扛了两头凶兽回来。
遥遥望过去,就能看见顺着肩膀向下流淌的血水,几乎浸透了全部衣衫。
江决只瞥了一眼,当即就黑了脸。
隔着窗户,冲抬头望过来的白广招了两下手。
本就心虚的白广,当即哐当一声砸下凶兽,甩了两下还顺着手臂向下淌的血水,臊眉耷眼的,垂着脑袋快步上了飞行器,一步一个泥水印子。
乔克前一秒还乐呵呵龇着牙傻乐,一扭头瞧见白广走了还要喊,没等喊出声呢,望见了周围几个混了脸熟的皇室亲卫面儿上“好自为之”的表情,又看了眼白广灰溜溜的背影,才反应过来什么。
忙跟着一把撇了凶兽,压着嗓子冲白广用几乎听不到的气声咆哮,“哥,就说我要杀的!我耐揍!”
白广压根没顾得上搭理他,心中忐忑,三步并作两步窜上楼梯,刚要面容识别开门,门就自动从内侧打开了。
露出江决殿下一张严肃的冷脸。
白广几乎是顺着墙根溜进去的,裤腿上血水还在往下淌,把纯白色的地板染的脏兮兮,他动了两步就没敢再折腾,乖乖挨着墙根罚站。
这小模样儿瞧的江决直想笑。
装什么你装,什么时候真罚过你了,这给你能耐的,还没训两句就装起可怜了,真要训上两句,岂不要抱着大.腿哭上两场。

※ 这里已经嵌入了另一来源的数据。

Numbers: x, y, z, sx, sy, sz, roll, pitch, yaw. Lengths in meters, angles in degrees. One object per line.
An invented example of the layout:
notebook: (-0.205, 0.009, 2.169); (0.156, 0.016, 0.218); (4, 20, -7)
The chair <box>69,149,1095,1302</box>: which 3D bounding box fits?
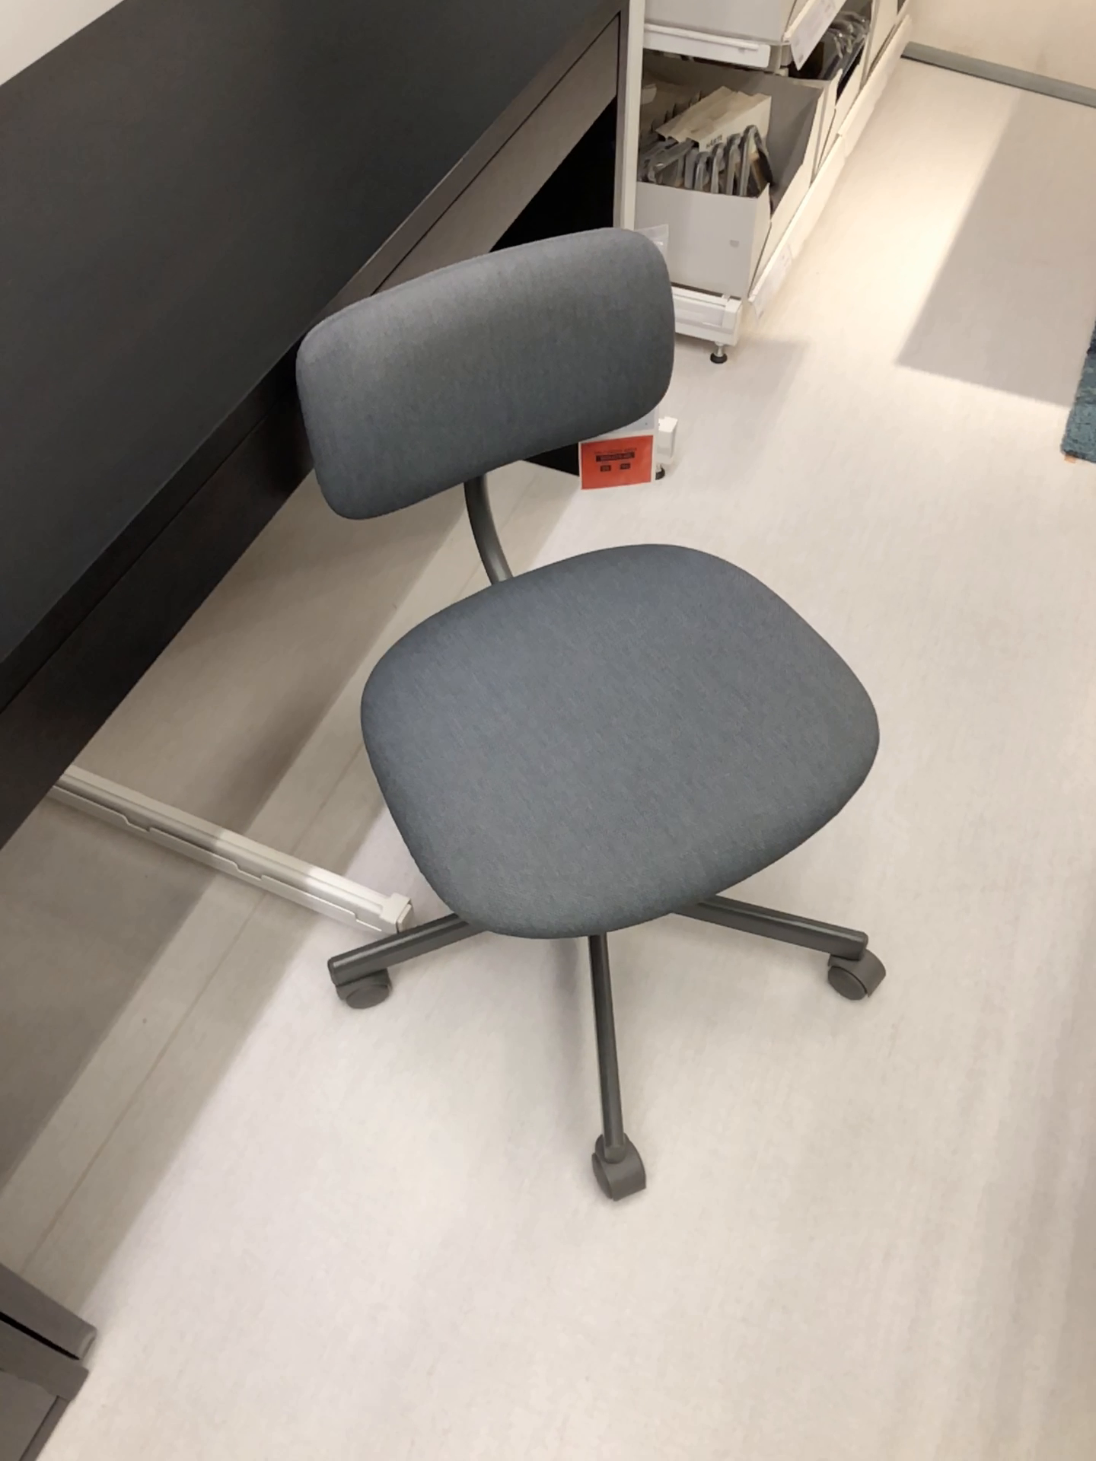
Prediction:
chair: (0.053, 0.002, 1.109); (0.621, 0.676, 0.593); (-24, 55, -17)
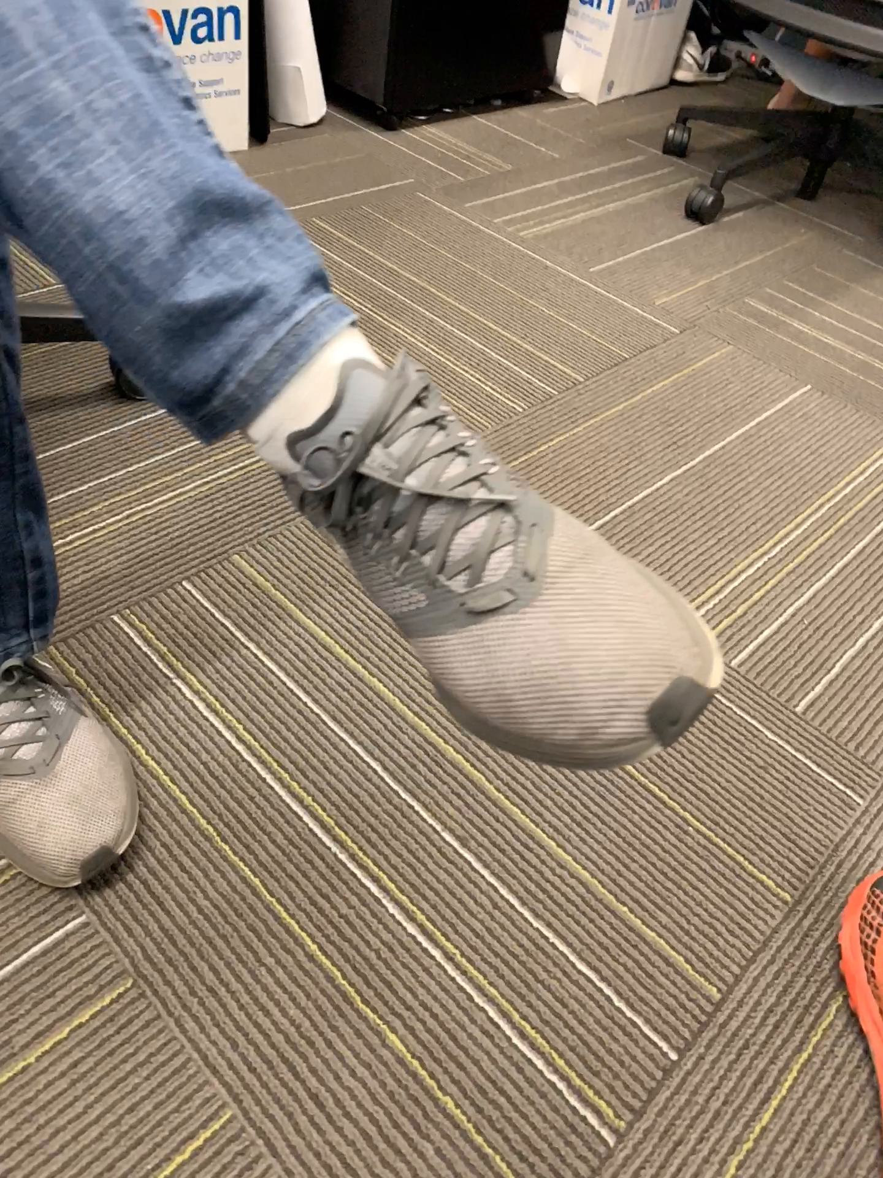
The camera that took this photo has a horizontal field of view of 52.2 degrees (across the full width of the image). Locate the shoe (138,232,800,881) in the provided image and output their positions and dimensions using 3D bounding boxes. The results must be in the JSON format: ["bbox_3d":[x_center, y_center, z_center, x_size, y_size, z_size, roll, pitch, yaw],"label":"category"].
[{"bbox_3d":[-0.004,-0.030,0.425,0.122,0.142,0.296,-47,49,4],"label":"shoe"}]

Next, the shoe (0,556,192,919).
[{"bbox_3d":[-0.326,0.103,0.707,0.120,0.085,0.270,-30,56,-35],"label":"shoe"}]
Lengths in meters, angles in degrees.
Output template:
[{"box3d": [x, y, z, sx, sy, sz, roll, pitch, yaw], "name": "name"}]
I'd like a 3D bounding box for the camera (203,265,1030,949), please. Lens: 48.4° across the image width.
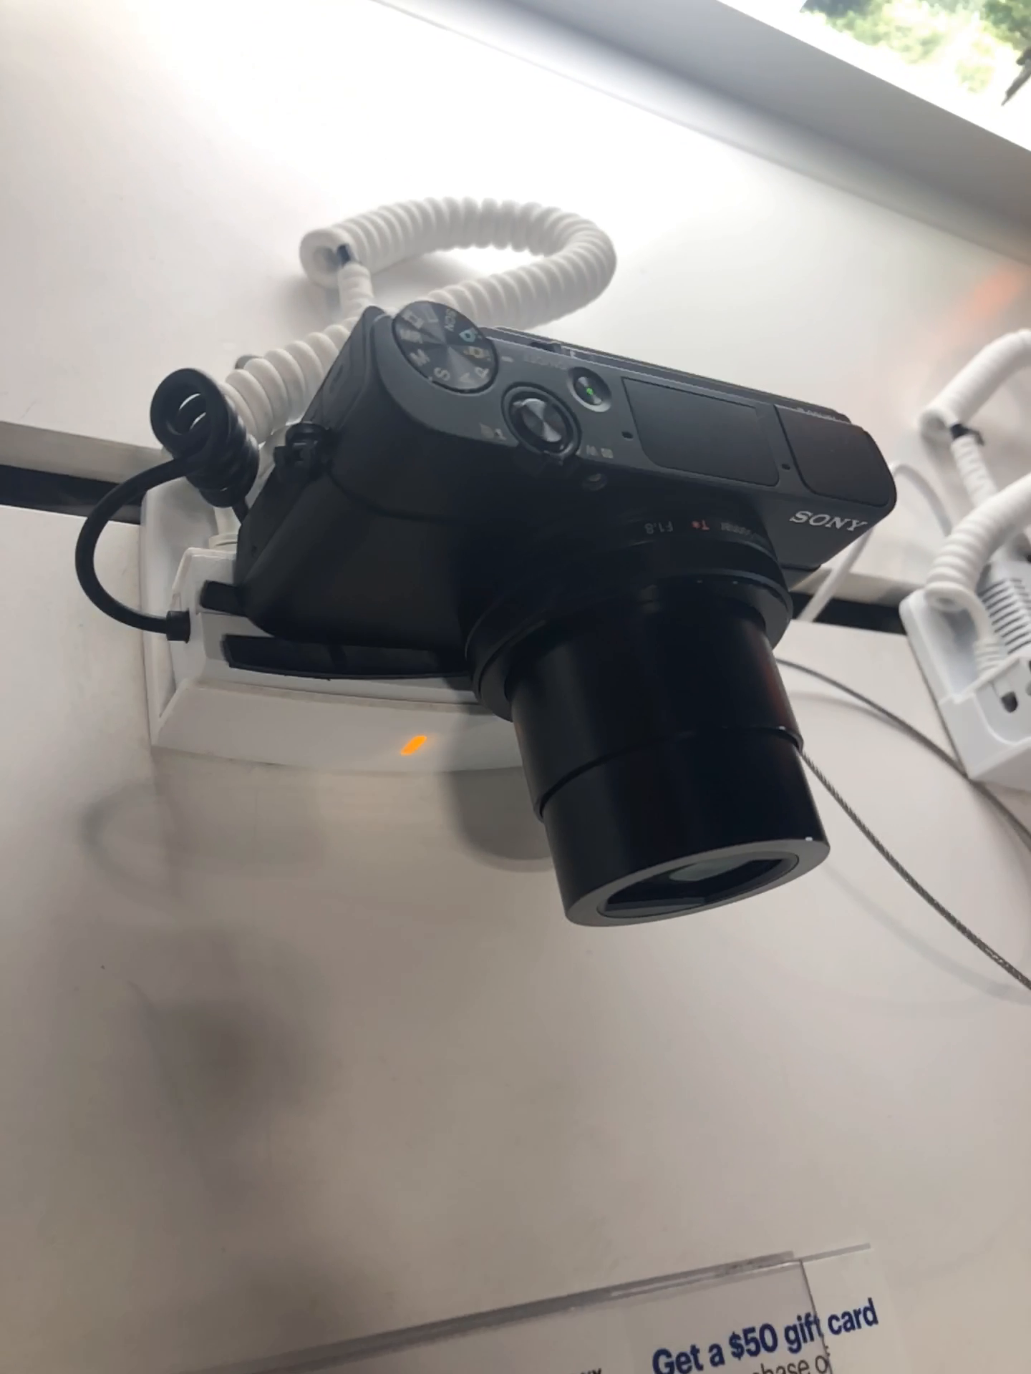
[{"box3d": [0.012, -0.004, 0.192, 0.105, 0.074, 0.070, 5, 57, -30], "name": "camera"}]
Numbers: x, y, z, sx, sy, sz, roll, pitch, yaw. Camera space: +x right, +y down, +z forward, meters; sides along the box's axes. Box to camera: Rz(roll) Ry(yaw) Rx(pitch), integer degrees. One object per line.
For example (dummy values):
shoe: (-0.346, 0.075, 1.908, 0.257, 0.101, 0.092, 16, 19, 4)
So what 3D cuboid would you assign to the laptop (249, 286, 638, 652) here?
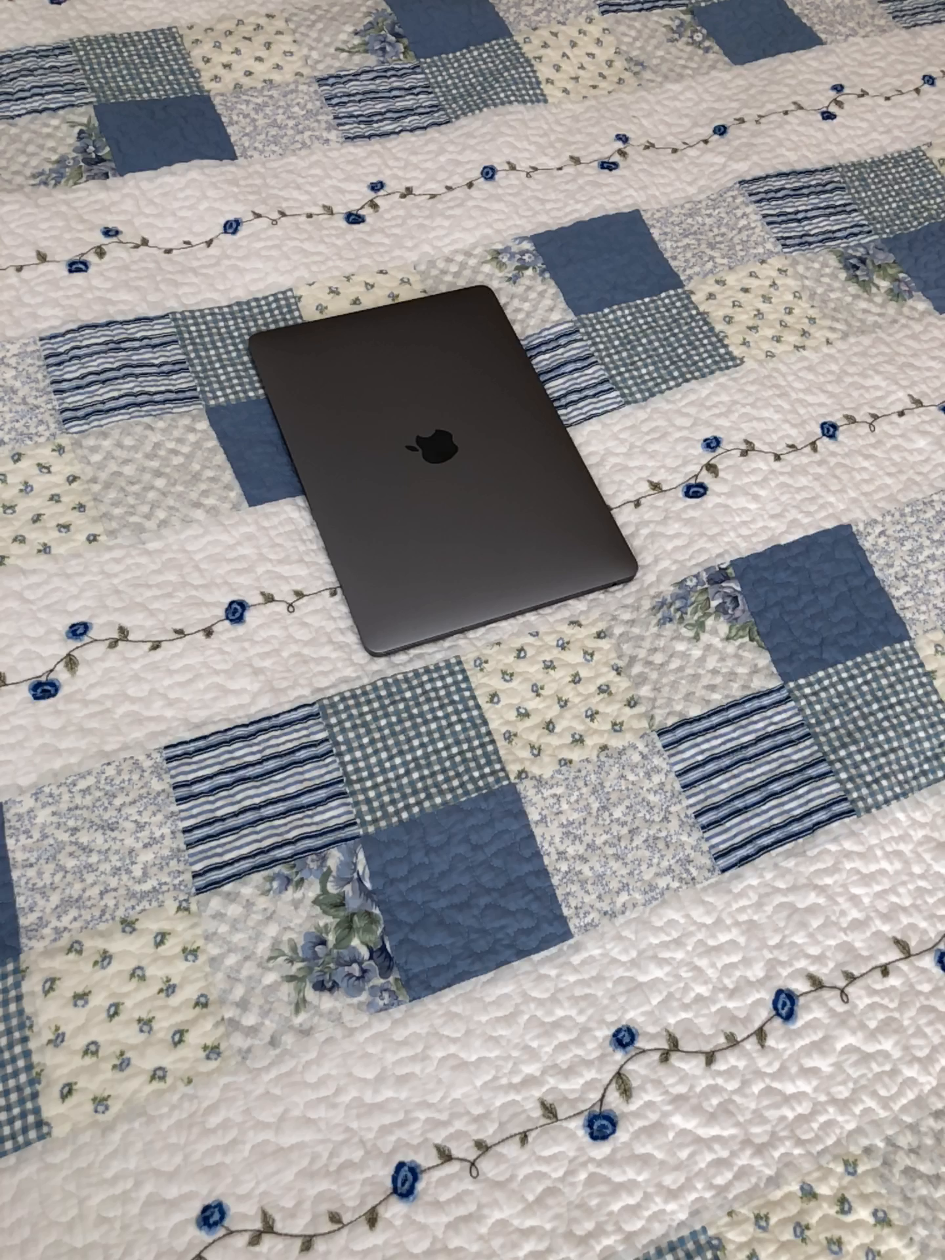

“交代你什么了?”江决佯装恼怒地咳了两声,抬高音量,“不可以把我的话当耳旁风。”
“不许淋雨,不许在殿下视线以外进行危险行动。”白广缩着脖子,果然要顺着墙根往下跪,来攀扯他的大.腿,“殿下……”
那手上全是腥臭的兽血,江决今儿还穿了条白裤子,硬着头皮才没躲开,“脱。”
刚跪稳当的白广毫不犹豫地抬手开始扒。
有殿下在,完全不用担心会被其他虫看见,殿下在隐私方面比他还要重视。
江决转着圈从脑袋一路看到脚底板,确保连一点儿擦伤都没有,才抬脚往卧室走。
身后
白广把鞋袜也脱了,赤脚踩在地板上,啪啪响,跟的倒是紧,一步不落。
白广后面还跟着个智能清扫机器虫。
不紧不慢的进了卧室,江决抬脚进浴室,拿起淋浴喷头,一指角落。
白广立刻乖乖站过去,自觉捞过一旁的小凳子坐下,方便江决给他洗头。
以前洗头,江决都会格外注意,打泡沫,冲水前都会出声提醒,怕脏水进了眼睛或者呛到。今儿瞧他这模样来气,全程没吭声,呼噜毛的时候也用劲儿,洗狗似的。
白广被他呼噜的直歪,还哼唧了两声,见他不搭理,才不情不愿地伸手攥住一旁墙壁上的把手,防止从凳子上滑落。
洗完了脑袋,江决从兜里拿了皮筋给他扎了个小揪揪,伸手一拍脸,示意站起来冲洗。
这套流程彼此都熟练。
在白广把凳子放回去的时候,江决侧身去给沐浴球打泡沫。
回头一看。
好家伙。
江决狐疑瞪眼,盯着看了几眼,视线上扫去瞧白广臊得通红的脸。
犹豫良久,实在是没忍住,揪着白广的小揪揪把他扯下来问,“你能不能分清我是在生气,还是在跟你玩儿游戏。”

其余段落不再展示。